DATASET CONTENT START
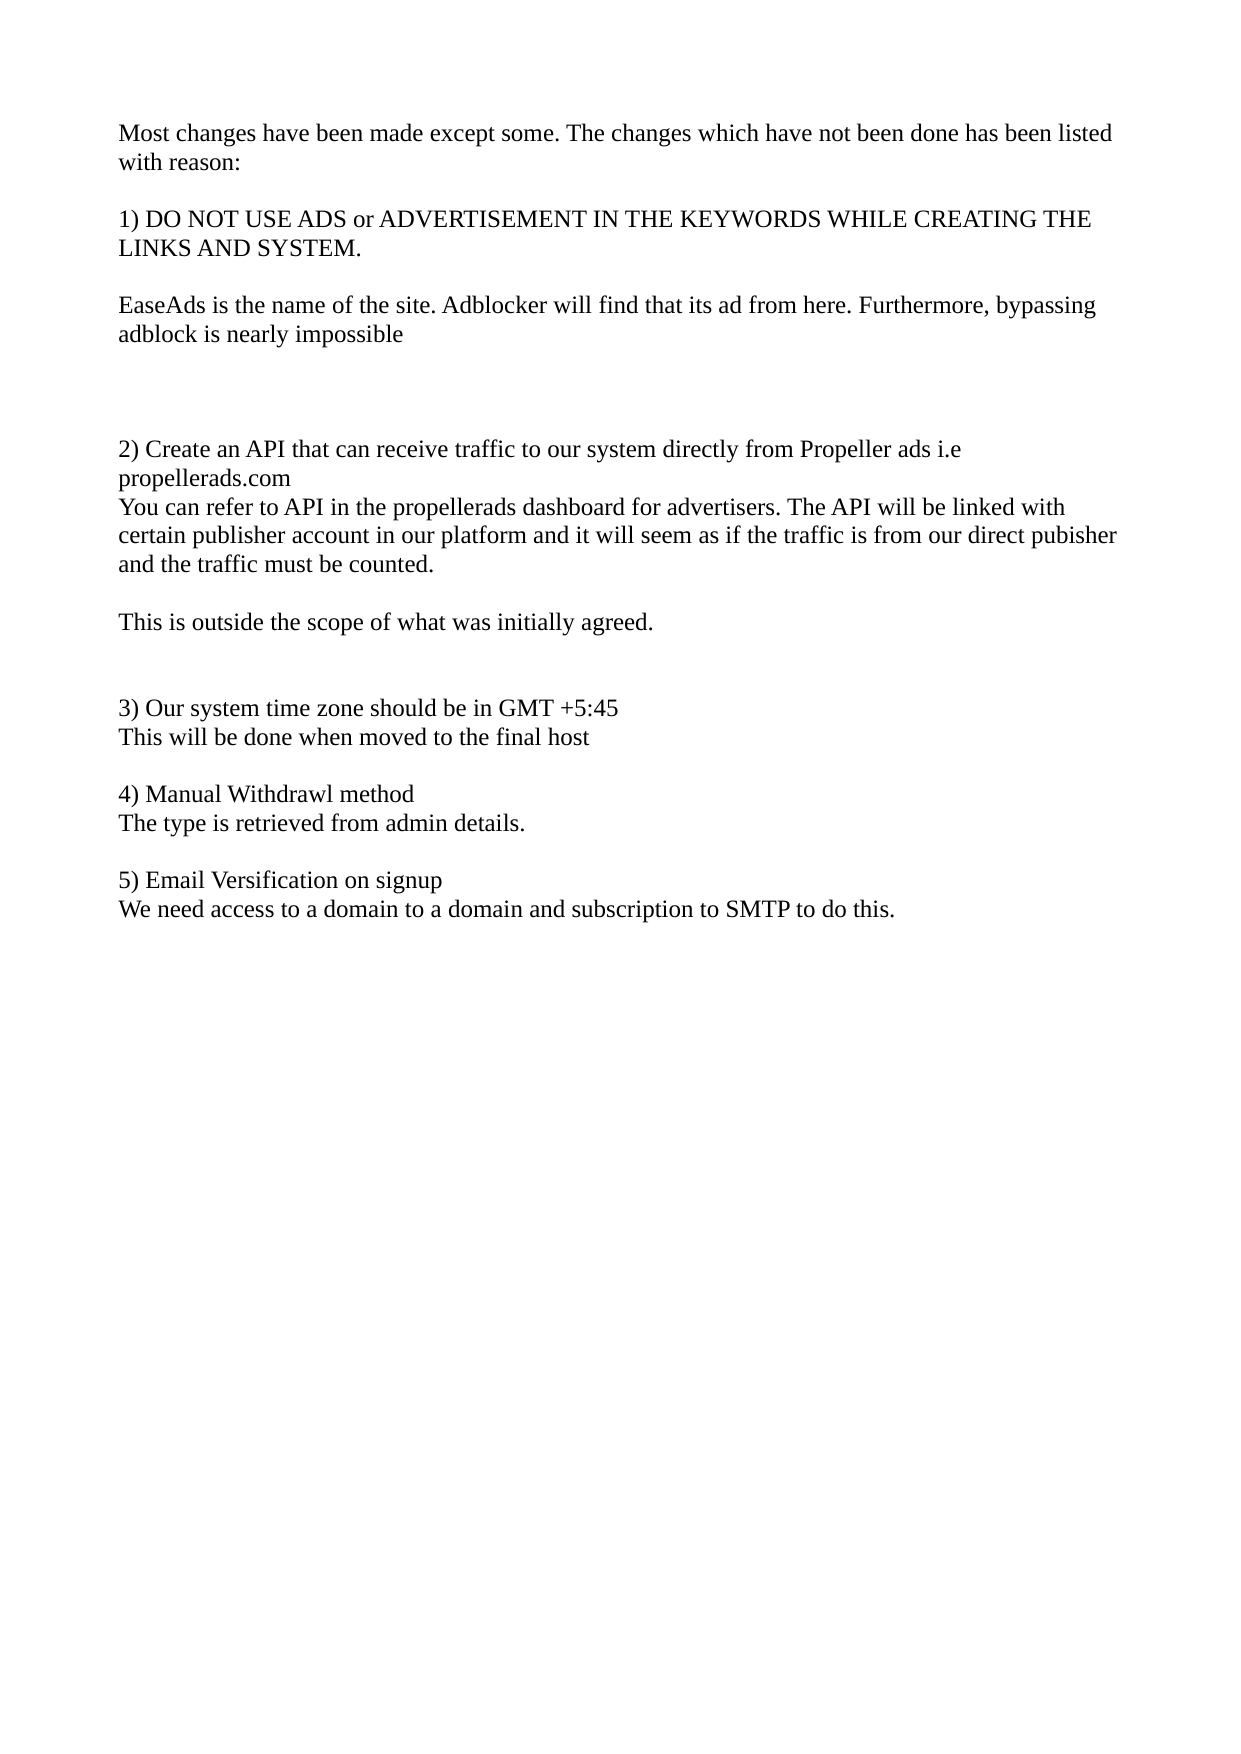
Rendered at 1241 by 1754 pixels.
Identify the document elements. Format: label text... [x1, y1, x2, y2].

text EaseAds is the name of the site. Adblocker will find that its ad from here. Furthermore, bypassing adblock is nearly impossible [118, 291, 1122, 348]
text 1) DO NOT USE ADS or ADVERTISEMENT IN THE KEYWORDS WHILE CREATING THE LINKS AND SYSTEM. [118, 204, 1122, 262]
text This will be done when moved to the final host [118, 722, 1122, 751]
text We need access to a domain to a domain and subscription to SMTP to do this. [118, 894, 1122, 923]
text This is outside the scope of what was initially agreed. [118, 607, 1122, 636]
text 3) Our system time zone should be in GMT +5:45 [118, 693, 1122, 722]
text The type is retrieved from admin details. [118, 808, 1122, 837]
text 2) Create an API that can receive traffic to our system directly from Propeller ads i.e propellerads.com [118, 434, 1122, 492]
text You can refer to API in the propellerads dashboard for advertisers. The API will be linked with certain publisher account in our platform and it will seem as if the traffic is from our direct pubisher and the traffic must be counted. [118, 492, 1122, 578]
text Most changes have been made except some. The changes which have not been done has been listed with reason: [118, 118, 1122, 176]
text 4) Manual Withdrawl method [118, 779, 1122, 808]
text 5) Email Versification on signup [118, 866, 1122, 894]
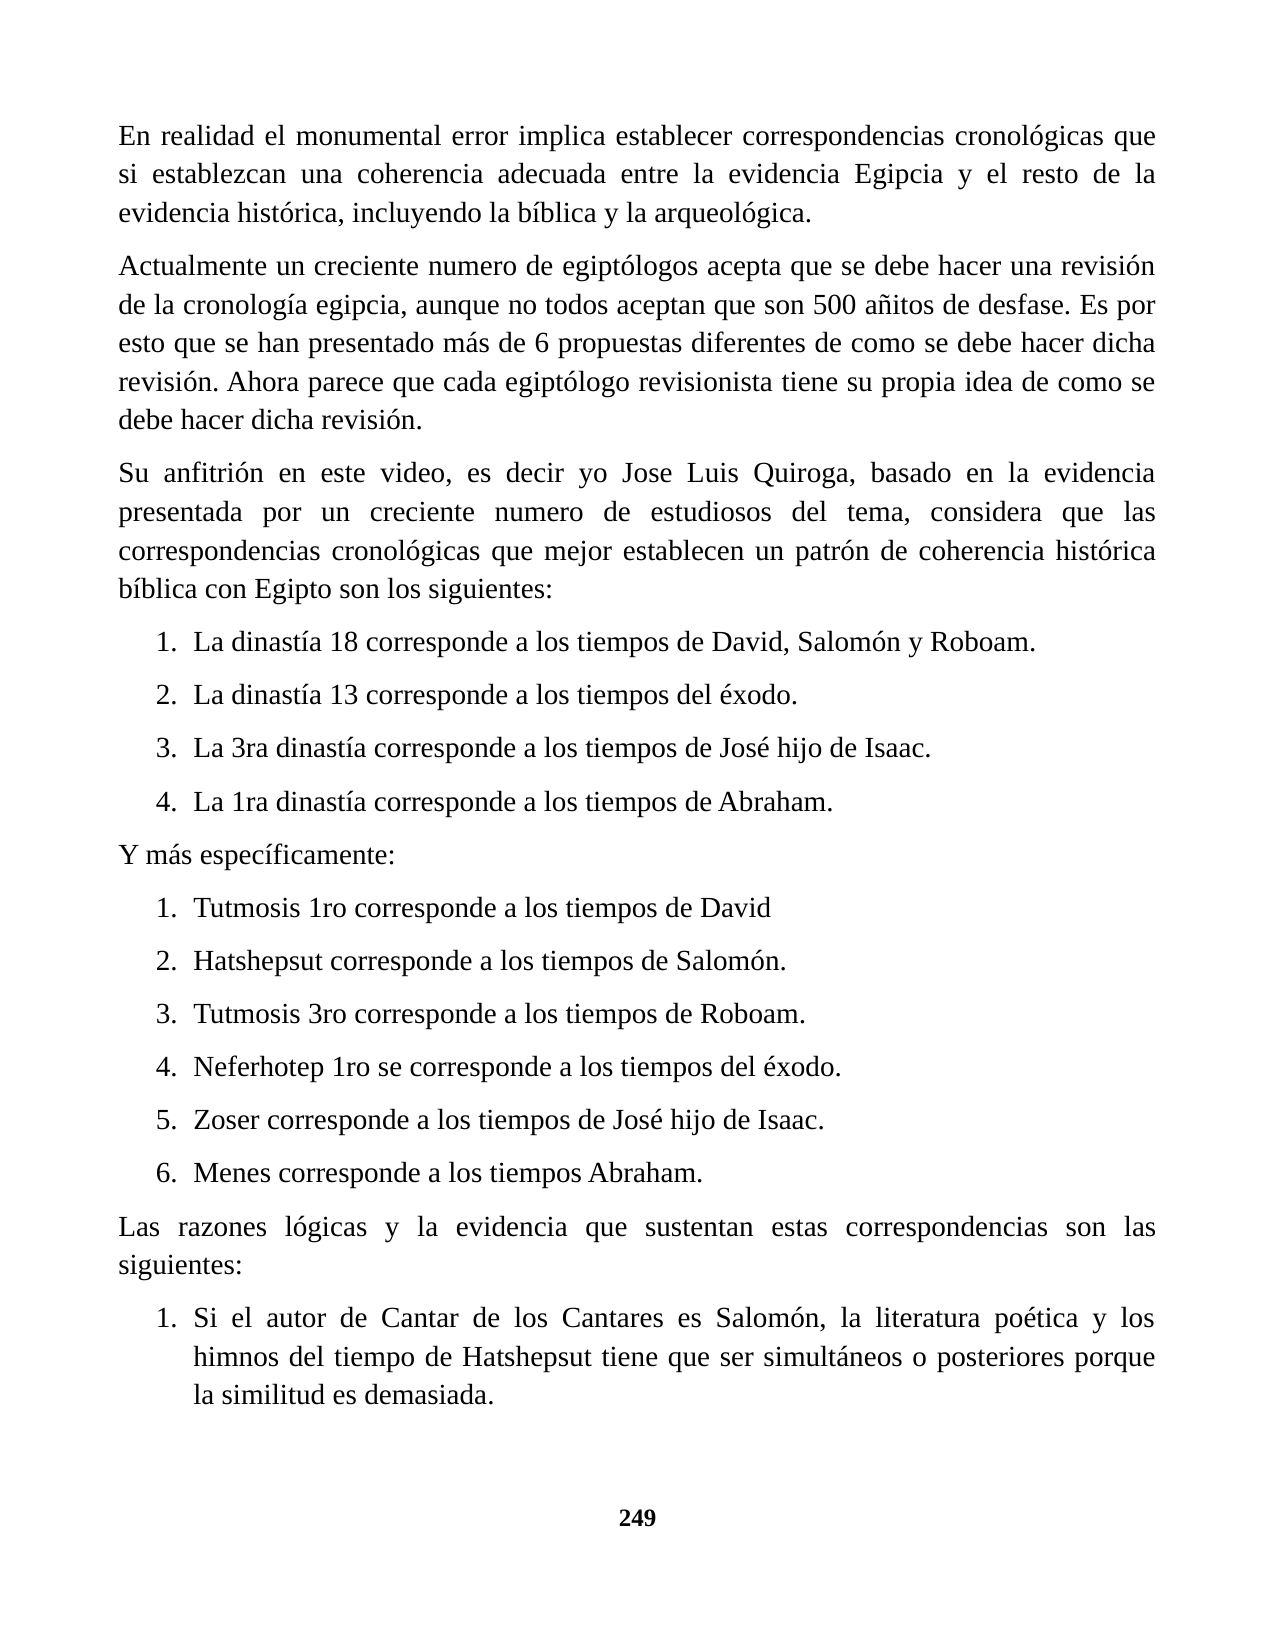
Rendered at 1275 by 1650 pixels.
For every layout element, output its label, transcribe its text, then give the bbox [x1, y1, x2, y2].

list La 1ra dinastía corresponde a los tiempos de Abraham. [156, 784, 1157, 817]
list La dinastía 13 corresponde a los tiempos del éxodo. [156, 677, 1157, 711]
list La dinastía 18 corresponde a los tiempos de David, Salomón y Roboam. [156, 624, 1157, 658]
text Su anfitrión en este video, es decir yo Jose Luis Quiroga, basado en la evidencia presentada por un creciente numero de estudiosos del tema, considera que las correspondencias cronológicas que mejor establecen un patrón de coherencia histórica bíblica con Egipto son los siguientes: [118, 456, 1157, 605]
list Si el autor de Cantar de los Cantares es Salomón, la literatura poética y los himnos del tiempo de Hatshepsut tiene que ser simultáneos o posteriores porque la similitud es demasiada. [156, 1300, 1157, 1411]
list La 3ra dinastía corresponde a los tiempos de José hijo de Isaac. [156, 731, 1157, 764]
text En realidad el monumental error implica establecer correspondencias cronológicas que si establezcan una coherencia adecuada entre la evidencia Egipcia y el resto de la evidencia histórica, incluyendo la bíblica y la arqueológica. [118, 118, 1157, 229]
text Y más específicamente: [118, 837, 1157, 870]
text Las razones lógicas y la evidencia que sustentan estas correspondencias son las siguientes: [118, 1209, 1157, 1281]
list Tutmosis 3ro corresponde a los tiempos de Roboam. [156, 996, 1157, 1030]
list Zoser corresponde a los tiempos de José hijo de Isaac. [156, 1102, 1157, 1136]
list Tutmosis 1ro corresponde a los tiempos de David [156, 890, 1157, 923]
list Neferhotep 1ro se corresponde a los tiempos del éxodo. [156, 1049, 1157, 1083]
text Actualmente un creciente numero de egiptólogos acepta que se debe hacer una revisión de la cronología egipcia, aunque no todos aceptan que son 500 añitos de desfase. Es por esto que se han presentado más de 6 propuestas diferentes de como se debe hacer dicha revisión. Ahora parece que cada egiptólogo revisionista tiene su propia idea de como se debe hacer dicha revisión. [118, 248, 1157, 436]
list Menes corresponde a los tiempos Abraham. [156, 1156, 1157, 1189]
list Hatshepsut corresponde a los tiempos de Salomón. [156, 943, 1157, 977]
DATASET CONTENT END
# [ACTION ITEM]
Copy nothing but the lines from the top of the data down to the line containing "text 1) DO NOT", and leave the pictures out.

# [EXERCISE RESULT]
Rendered at 1241 by 1754 pixels.
Identify the document elements. Format: label text... [x1, y1, x2, y2].

text EaseAds is the name of the site. Adblocker will find that its ad from here. Furthermore, bypassing adblock is nearly impossible [118, 291, 1122, 348]
text 1) DO NOT USE ADS or ADVERTISEMENT IN THE KEYWORDS WHILE CREATING THE LINKS AND SYSTEM. [118, 204, 1122, 262]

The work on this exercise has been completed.